Tensors and Dynamic neural networks in Python with strong GPU acceleration
An Open Source Machine Learning Framework for Everyone
AI orchestration framework to build customizable, production-ready LLM applications. Connect components (models, vector DBs, file converters) to pipelines or agents that can interact with your data. With advanced retrieval methods, it's best suited for building RAG, question answering, semantic search or conversational agent chatbots.
Free and Open Source, Distributed, RESTful Search Engine
Quick Overview
Jina is an open-source neural search framework for building cross-modal and multi-modal applications powered by deep learning. It allows developers to build scalable and cloud-native neural search solutions that can handle various data types, including text, images, video, and audio.
Pros
- Supports multi-modal and cross-modal search capabilities
- Highly scalable and cloud-native architecture
- Provides a rich ecosystem of pre-built executors and integrations
- Easy to use with a pythonic API and comprehensive documentation
Cons
- Steep learning curve for beginners in neural search
- Limited community support compared to more established search frameworks
- May be overkill for simple search use cases
- Requires significant computational resources for large-scale deployments
Code Examples
- Creating a simple text search flow:
from jina import Flow, Document
f = Flow().add(uses='jinahub://SimpleIndexer')
with f:
f.post('/index', Document(text='Hello, World!'))

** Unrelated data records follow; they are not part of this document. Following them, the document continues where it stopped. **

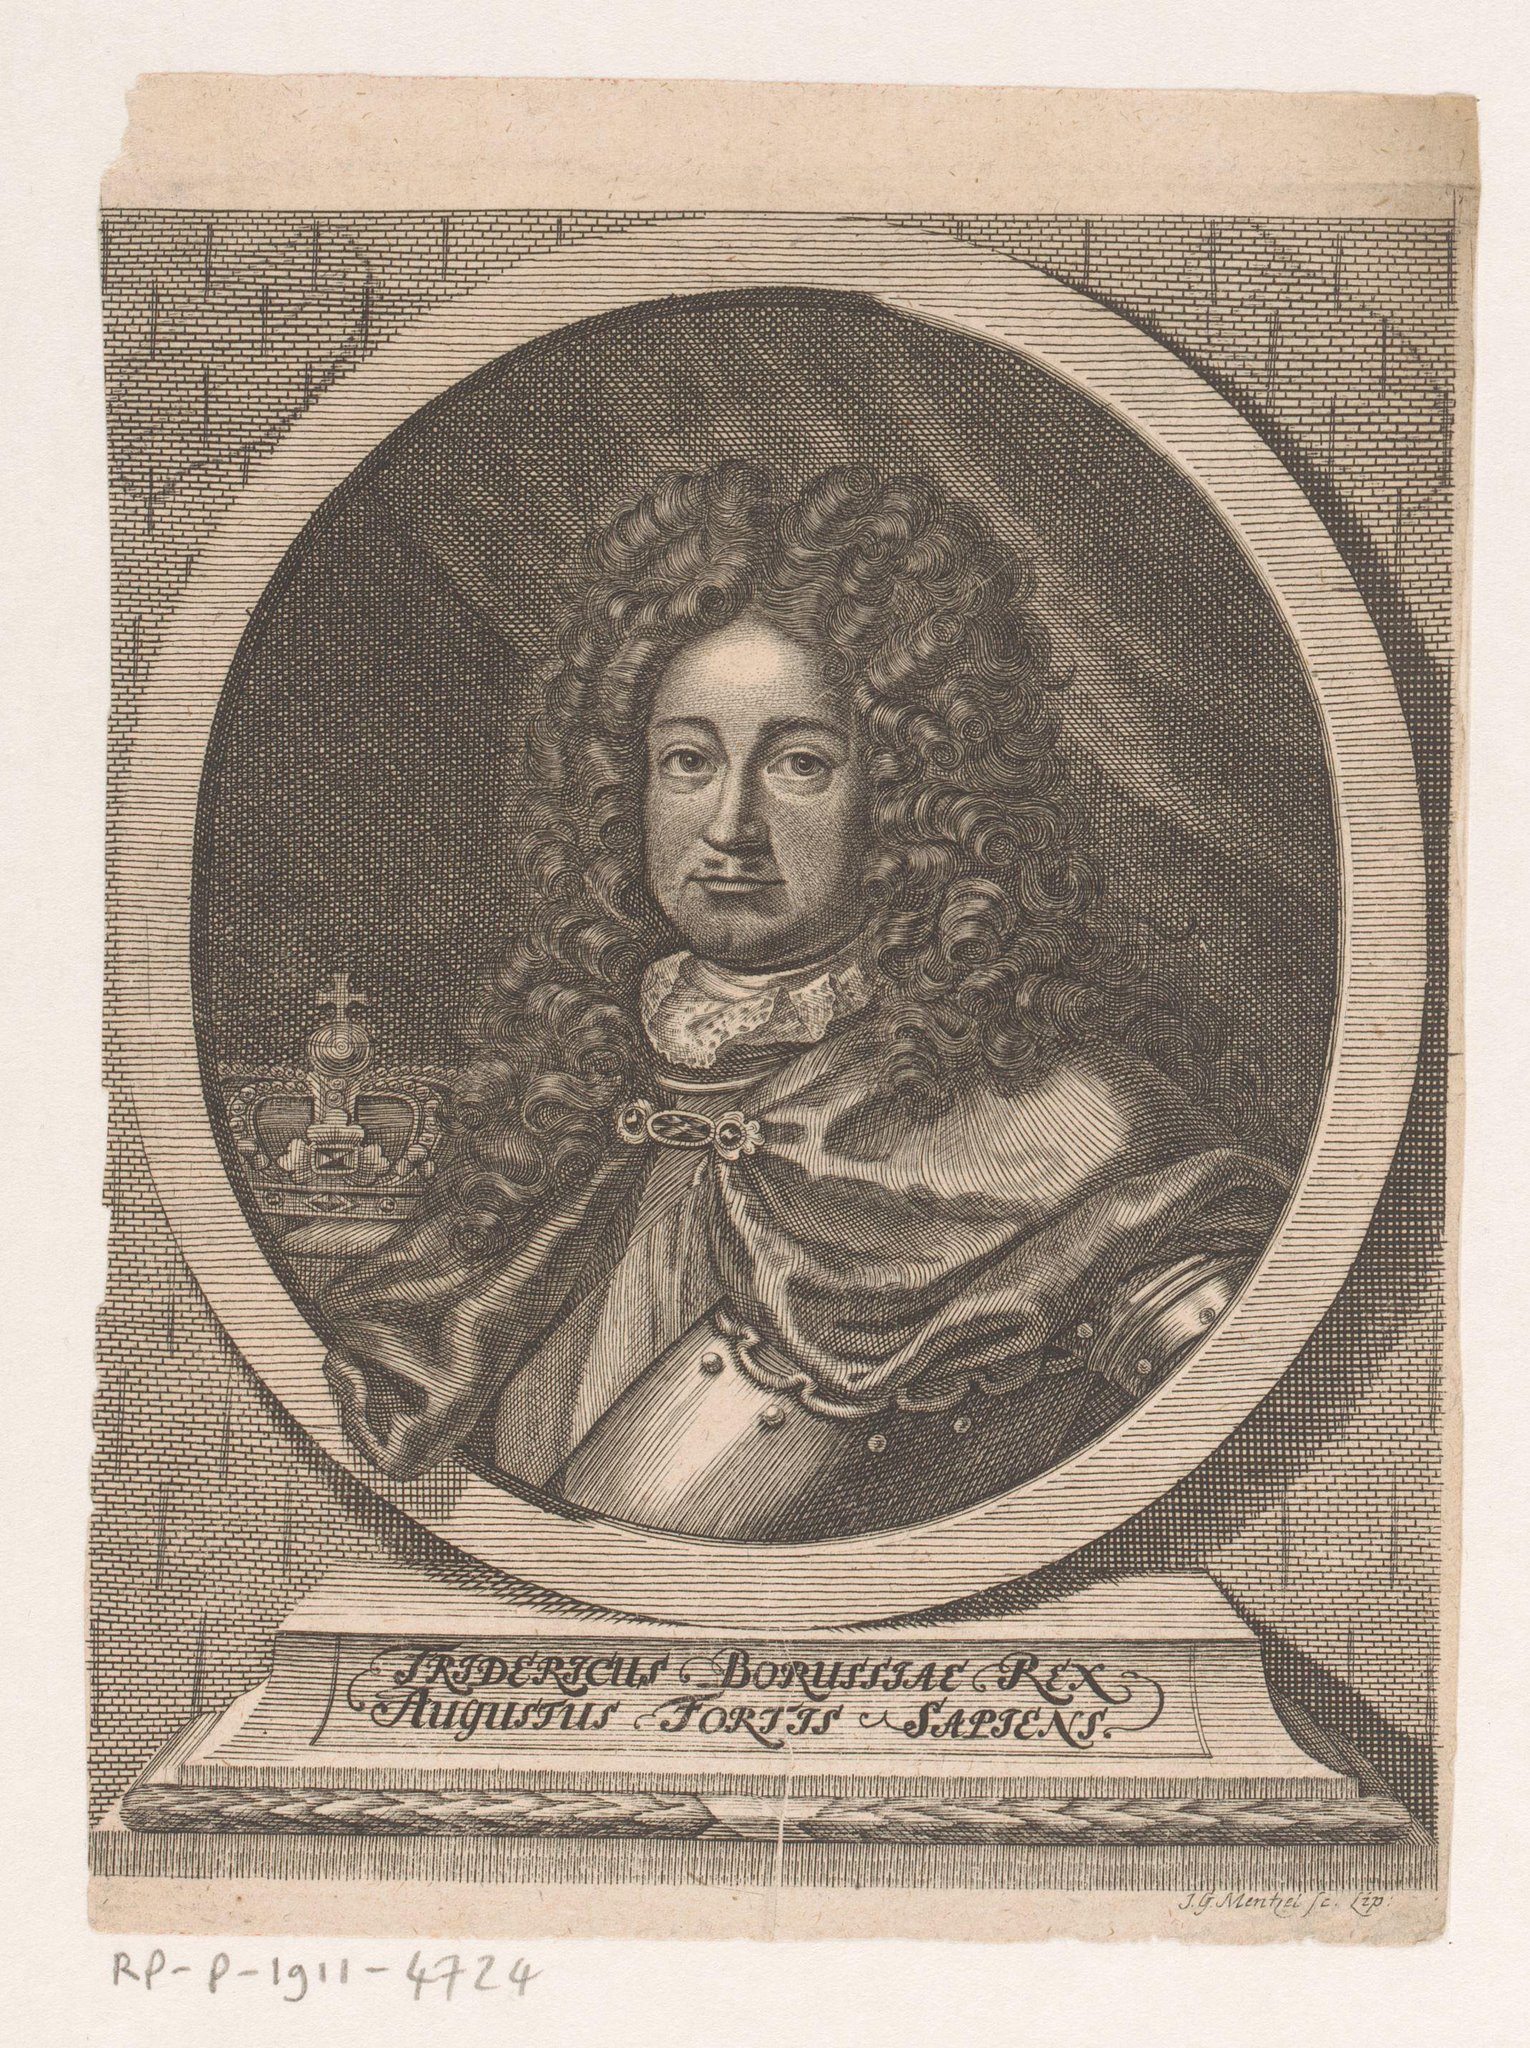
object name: print
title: Portret van koning Frederik I van Pruisen keurvorst van Brandenburg
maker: johann georg mentzel
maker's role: print maker
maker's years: 1677-1743
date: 1687-1743
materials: paper
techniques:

response = f.post('/search', Document(text='Hello'))
print(response[0].matches[0].text)
- Building an image search pipeline:
from jina import Flow, Document
f = (
Flow()
.add(uses='jinahub://CLIPImageEncoder')
.add(uses='jinahub://SimpleIndexer')
)
with f:
f.index(Document(uri='path/to/image.jpg'))
response = f.search(Document(uri='path/to/query_image.jpg'))

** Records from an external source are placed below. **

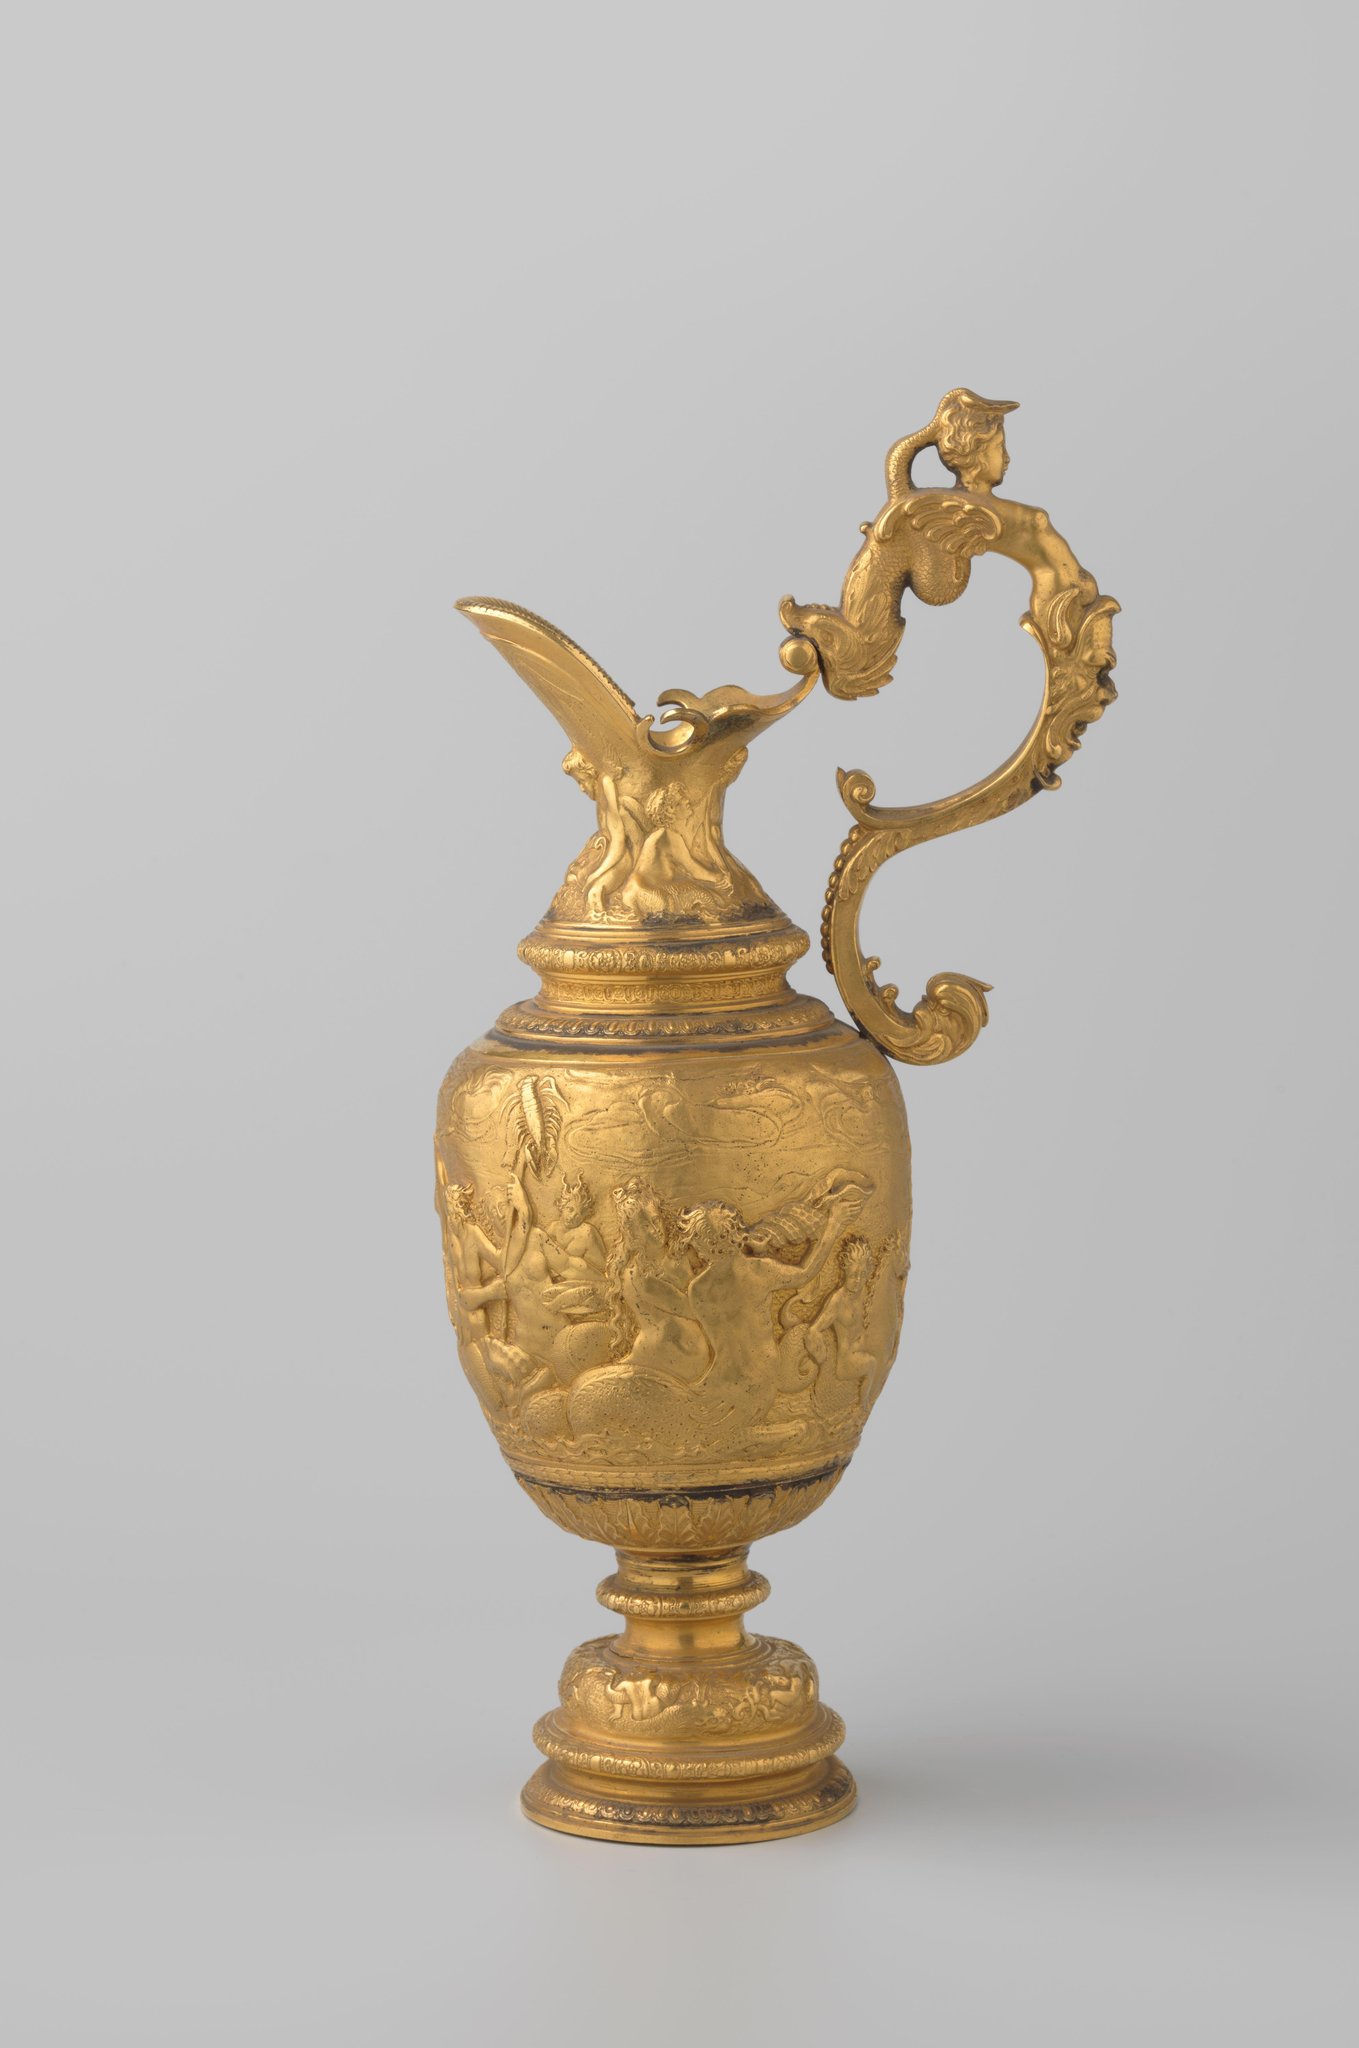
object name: ewer
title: Galvanoplastische reproductie van een kan met optochten van zeegoden
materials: copper, silver
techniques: gilding
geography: london
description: Galvanoplastische reproductie van een kan, gedreven, het handvat bestaande uit een zeenimf en een dolfijn; rond de hals, de buik en de voet voorstellingen van triomfen en optochten van zeegoden. Verguld.

print(response[0].matches[0].uri)
- Creating a multi-modal search flow:
from jina import Flow, Document
f = (
Flow()
.add(uses='jinahub://CLIPTextEncoder', name='text_encoder')

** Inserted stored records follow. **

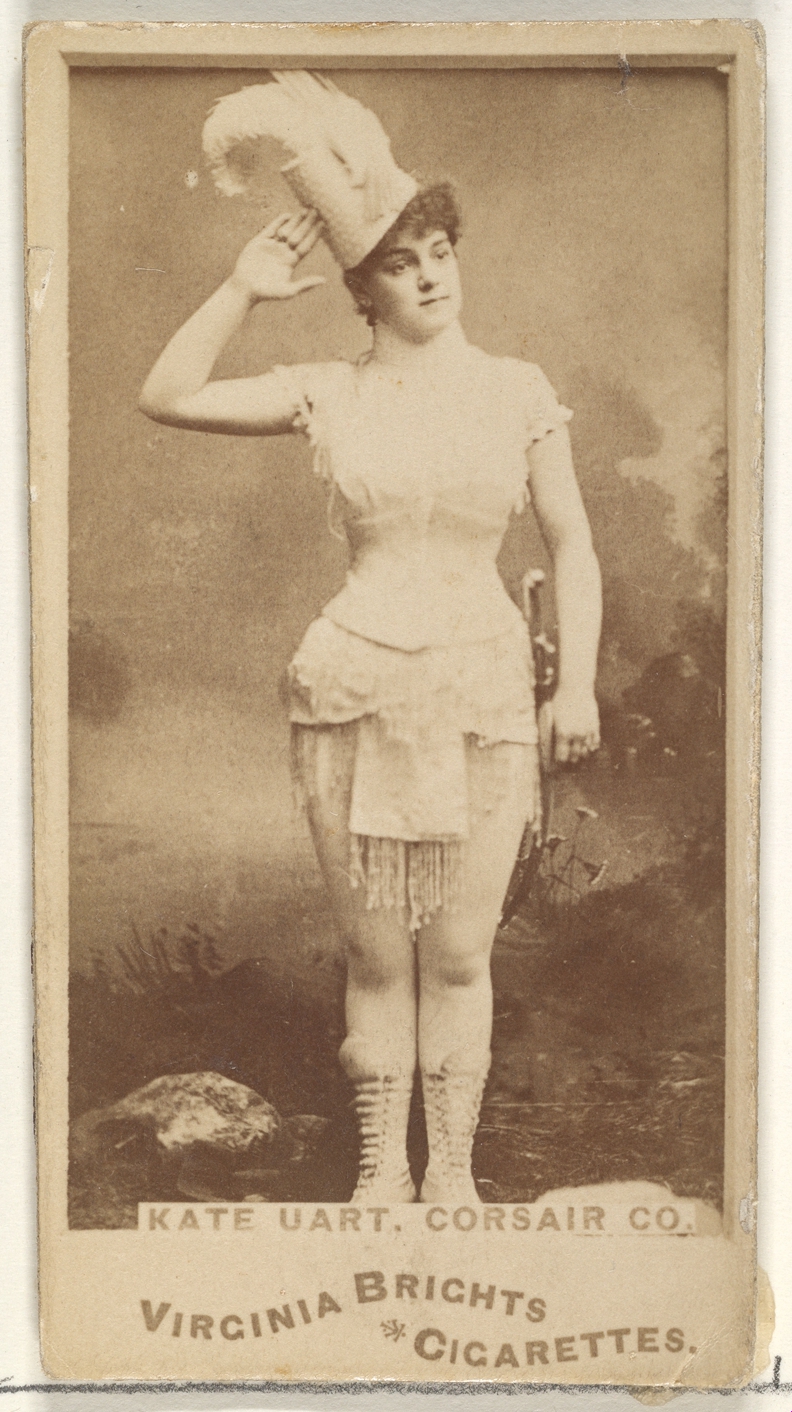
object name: photograph
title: Kate Uart, Corsair Co., from the Actors and Actresses series (N45, Type 1) for Virginia Brights Cigarettes
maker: allen & ginter
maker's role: publisher
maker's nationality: american
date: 1888
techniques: albumen silver print
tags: portraits,women,actresses
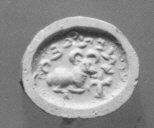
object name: stamp seal
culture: sasanian
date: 301-400
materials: gemstone
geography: iran or mesopotamia
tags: animals

.add(uses='jinahub://CLIPImageEncoder', name='image_encoder')
.add(uses='jinahub://SimpleIndexer')
)
with f:
f.index([
Document(text='A cute cat'),
Document(uri='path/to/cat_image.jpg')
])
response = f.search(Document(text='Find me a cat picture'))
print(response[0].matches[0].uri)
Getting Started
To get started with Jina, follow these steps:
- Install Jina:
pip install jina
- Create a new Python file (e.g.,
app.py
) and import Jina:
from jina import Flow, Document
- Define a simple flow and run a search:
f = Flow().add(uses='jinahub://SimpleIndexer')
with f:
f.post('/index', Document(text='Hello, Jina!'))
response = f.post('/search', Document(text='Hello'))
print(response[0].matches[0].text)
- Run the script:
python app.py
For more advanced usage and configurations, refer to the official Jina documentation.
Competitor Comparisons
The official Python library for the OpenAI API
Pros of openai-python
- Focused specifically on OpenAI's API, providing a streamlined interface
- Extensive documentation and examples for various OpenAI services
- Lightweight and easy to integrate into existing projects
Cons of openai-python
- Limited to OpenAI's services, lacking versatility for other AI tasks
- Requires API key and potentially costly usage of OpenAI's resources
- Less flexibility for custom AI model deployment and management
Code Comparison
openai-python:
import openai
openai.api_key = "your-api-key"
response = openai.Completion.create(engine="davinci", prompt="Hello, world!")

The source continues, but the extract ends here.